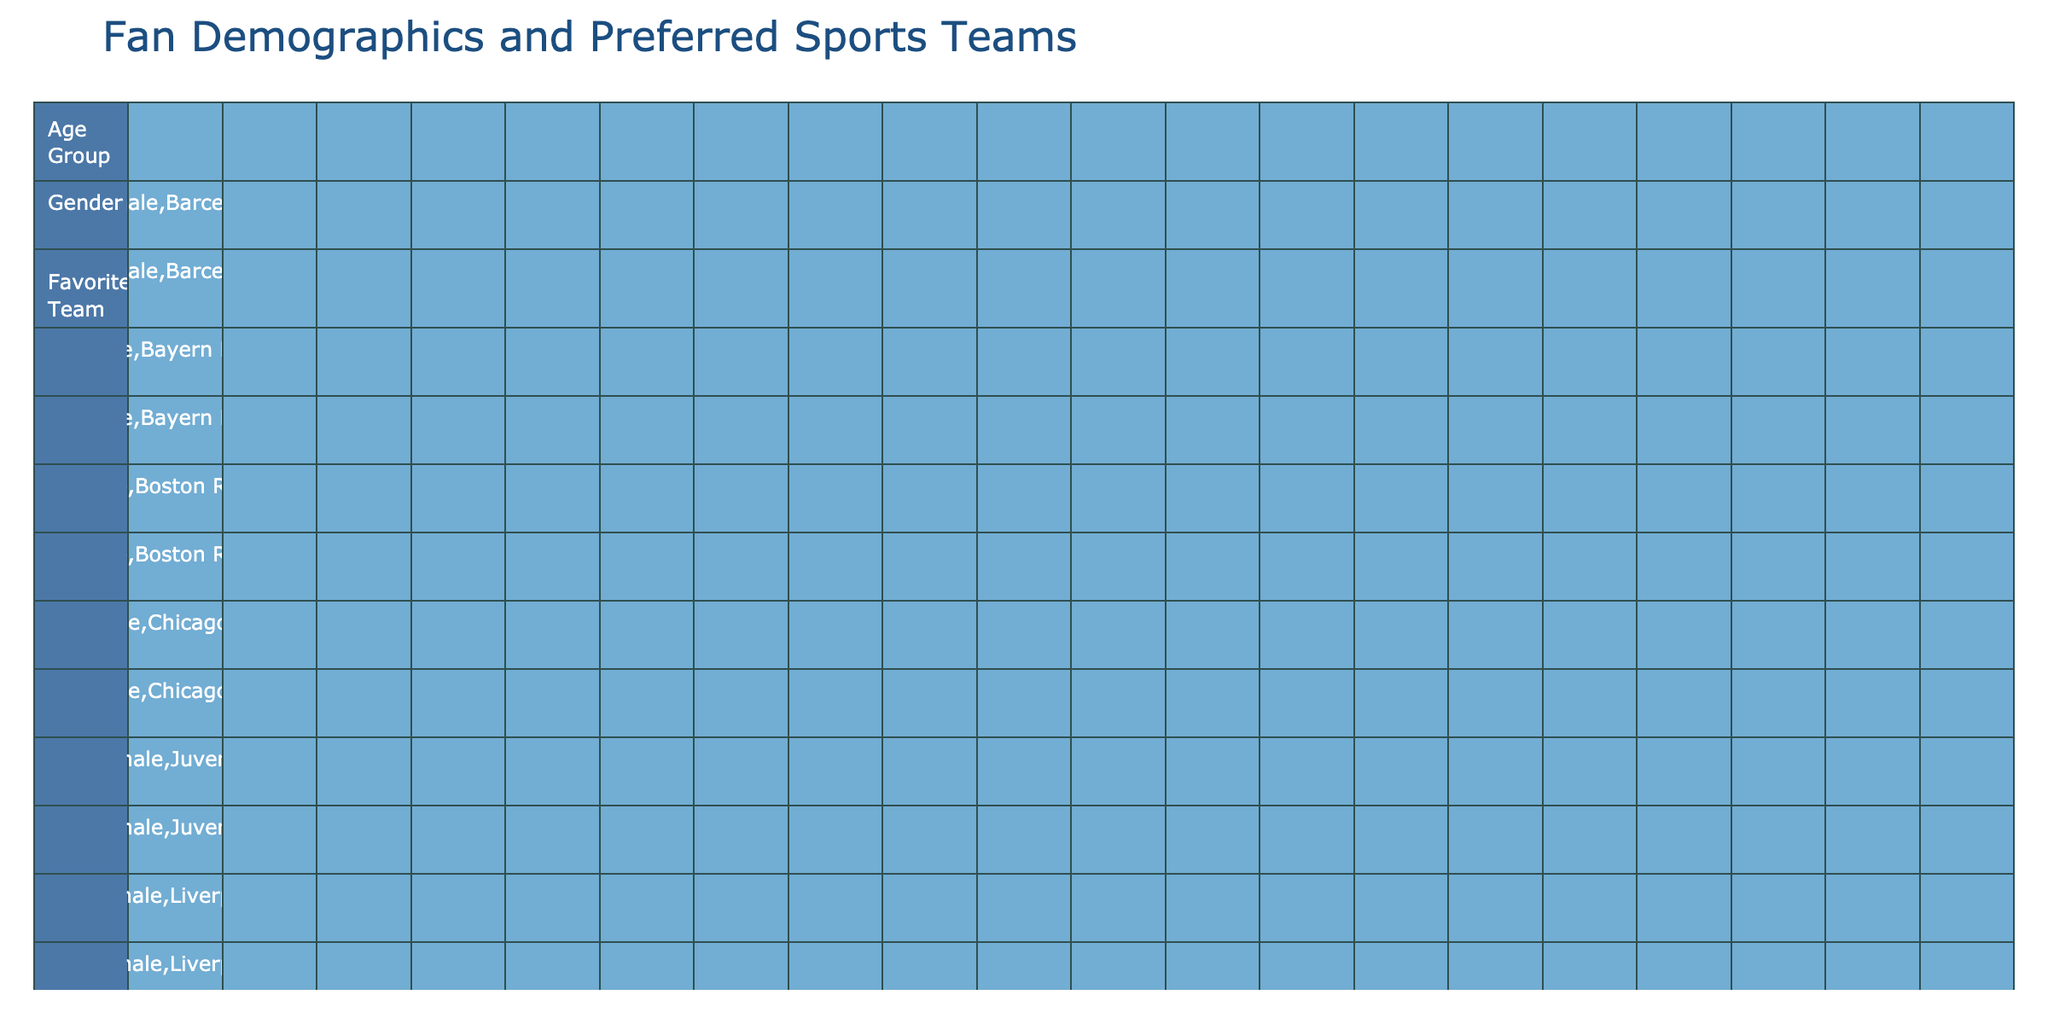What is the favorite team of the 18-24 female fans? There is only one entry for this demographic mentioned with a favorite team, which is the Boston Red Sox.
Answer: Boston Red Sox How many male fans support the Green Bay Packers? Referring to the table, only one entry lists the Green Bay Packers as a favorite team for the male fans in the 55+ age group.
Answer: 1 What is the most popular team among fans aged 25-34? We count the distinct favorite teams listed for the 25-34 age group: New England Patriots, Chicago Bulls, Chelsea FC, and Barcelona. Since there is no explicit combination of favorite support beyond each individual team, we note that there are four different teams but no clear "most popular".
Answer: 4 different teams Do any females over the age of 55 support the Los Angeles Sparks? We check the entries for females in the 55+ category and find one entry that lists Los Angeles Sparks, confirming the support.
Answer: Yes Which age group has the most diverse teams listed? We will count the number of distinct teams supported by each age group: (18-24) - 4 teams, (25-34) - 4 teams, (35-44) - 4 teams, (45-54) - 4 teams, (55+) - 3 teams. All age groups except 55+ have equal diversity of four teams.
Answer: 18-24, 25-34, 35-44, 45-54 What percentage of 35-44 year old male fans prefer the Golden State Warriors? Assessing the entries for age group 35-44 male fans shows just one entry for Golden State Warriors out of a total of 4 different teams so the percentage is (1/4) * 100 = 25%.
Answer: 25% Is there a female fan aged 45-54 that supports Bayern Munich? Looking into the entries for females aged 45-54, we identify that Bayern Munich appears as a favorite team, confirming the presence of such fans.
Answer: Yes How many total fans are there in the 55+ age group? Counting the entries in the 55+ age group shows five fans: 3 males and 2 females.
Answer: 5

—————

**Work request**
Using the records above, say how many lines include the string "four". Only the number is wanted.

**Answer to this task**
2